Rodeado por los vestidos y el aroma de Inés, la sola presencia de su dueña se hacía más intensa en su mente, y su deseo, en lugar de calmarse, se apagó por completo.
No era algo que le ocurriera con frecuencia.
Su cuerpo seguía encendido, pero sin ella, no había solución.
Sin su cuello, sin sus dedos, sin sus pechos… Sin el verdadero cuerpo de Inés, no había forma de liberarse.
Respirando el tenue rastro de su perfume, deambuló por el vestidor en un intento por tranquilizarse.
Pero lo único que consiguió fue aumentar el anhelo de hundir su rostro en su cuello.
Si pudiera enterrarse entre sus pechos, si pudiera inhalar su aroma de piel cálida y dulce como un campo de flores silvestres, todo se resolvería.
De verdad, esto ya es demasiado…
Qué tipo de pervertido enfermo piensa así.
Esa idea solo logró que la sangre se concentrara aún más abajo.

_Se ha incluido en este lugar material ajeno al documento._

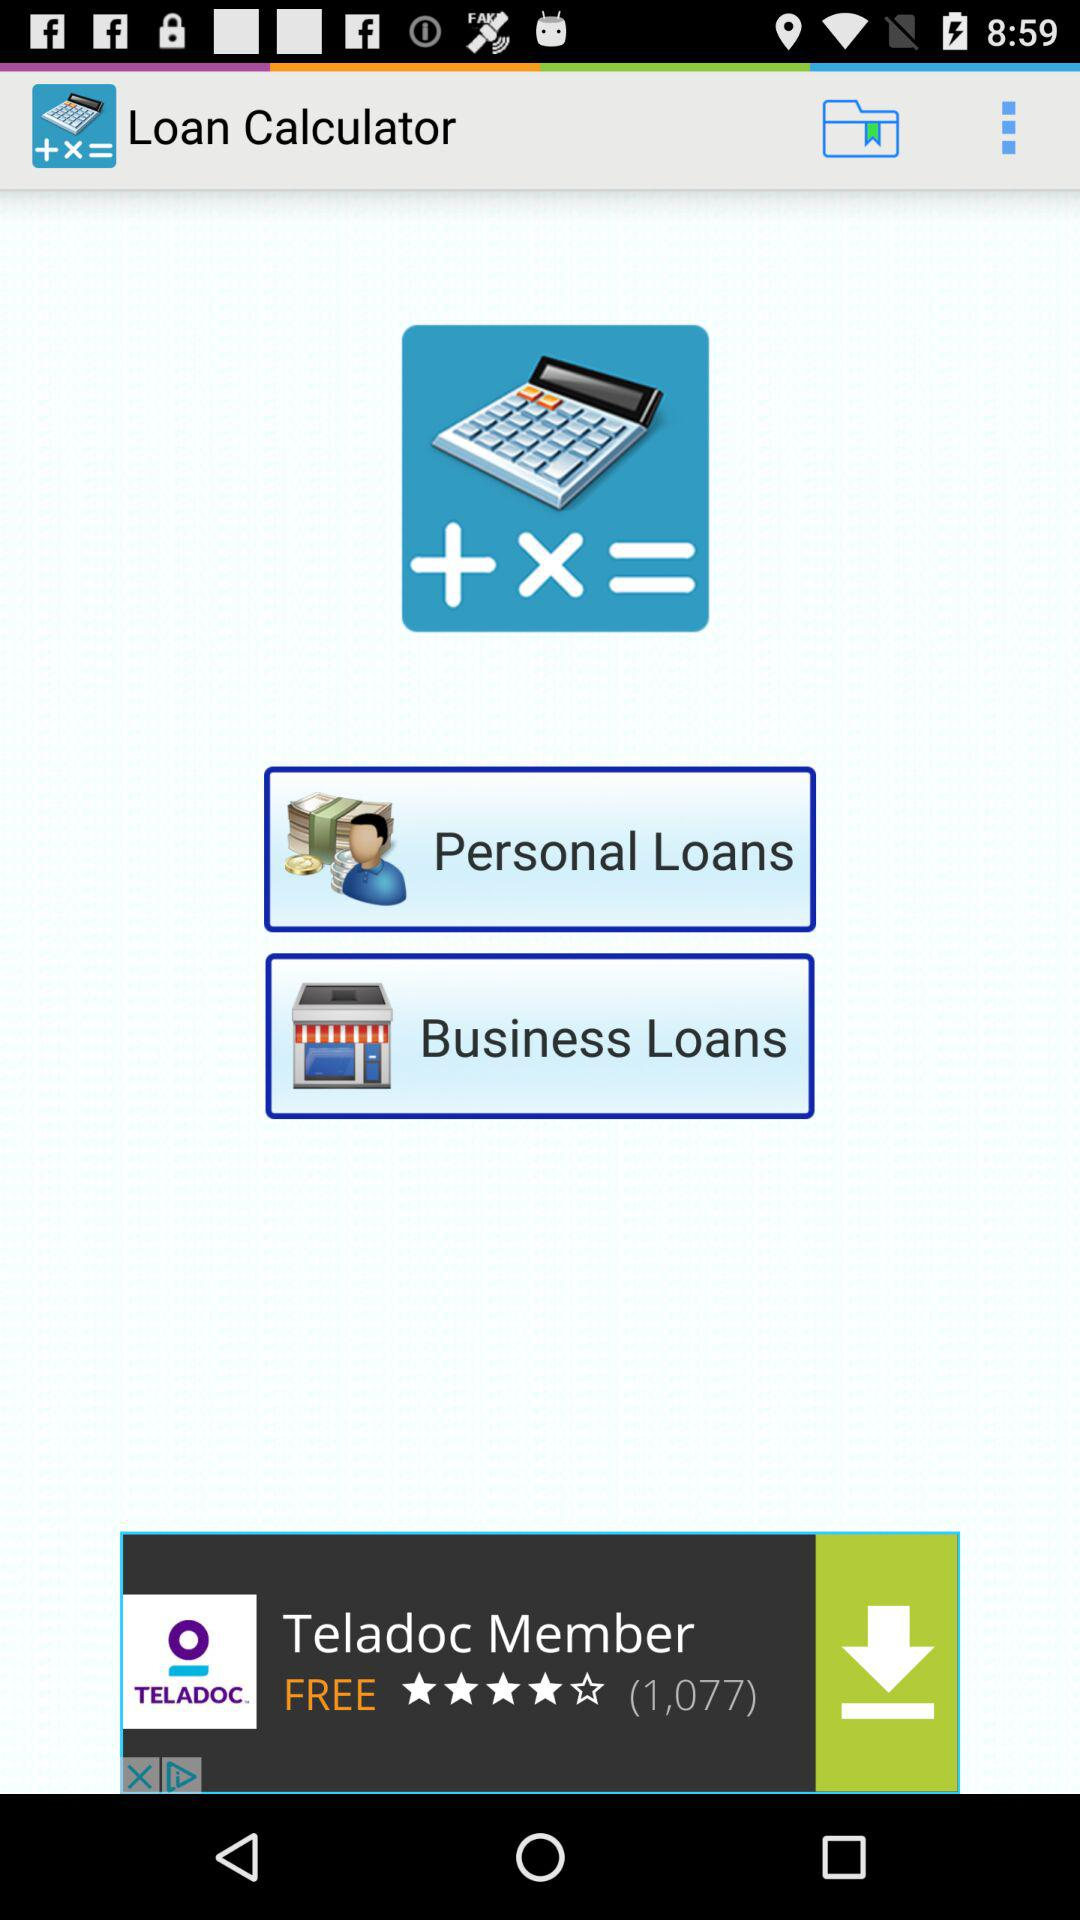What are the loan options shown on the screen? The shown options are "Personal Loans" and "Business Loans".

Y su humor se enfrió aún más.
Para alguien generalmente tranquilo, esa extraña sensación de "algo no está bien" lo descolocaba.
¿Era por la expresión que vio en Inés esta madrugada?
¿O por su comentario de que iría a Espoza en primavera?
Pero eso lo había dicho hace más de diez días.
'Al principio, ni siquiera le di importancia… ¿por qué ahora?'
Con los ojos entrecerrados, acarició el dobladillo de uno de los vestidos de Inés.
Si lo miraba de manera positiva, todo estaba bien.
Si lo miraba con escepticismo, había muchas cosas que parecían fuera de lugar.
Definitivamente, mudar la residencia era la mejor opción.
Si no, tarde o temprano, esto se volvería insoportable.
Decidió que hablarían del tema cuando sus invitadas se marcharan, y así logró distraerse un poco.
Aun así, un escalofrío persistente en su nuca no desaparecía.
Con el rostro inexpresivo, Kassel se quitó el abrigo, ignorando la obvia tensión en su entrepierna como si fuera un asunto ajeno a él.
Y justo en ese momento…
Se oyó el sonido suave de la puerta del dormitorio abriéndose y cerrándose con sigilo.
Los sirvientes, al entrar en una habitación vacía, siempre dejaban la puerta abierta.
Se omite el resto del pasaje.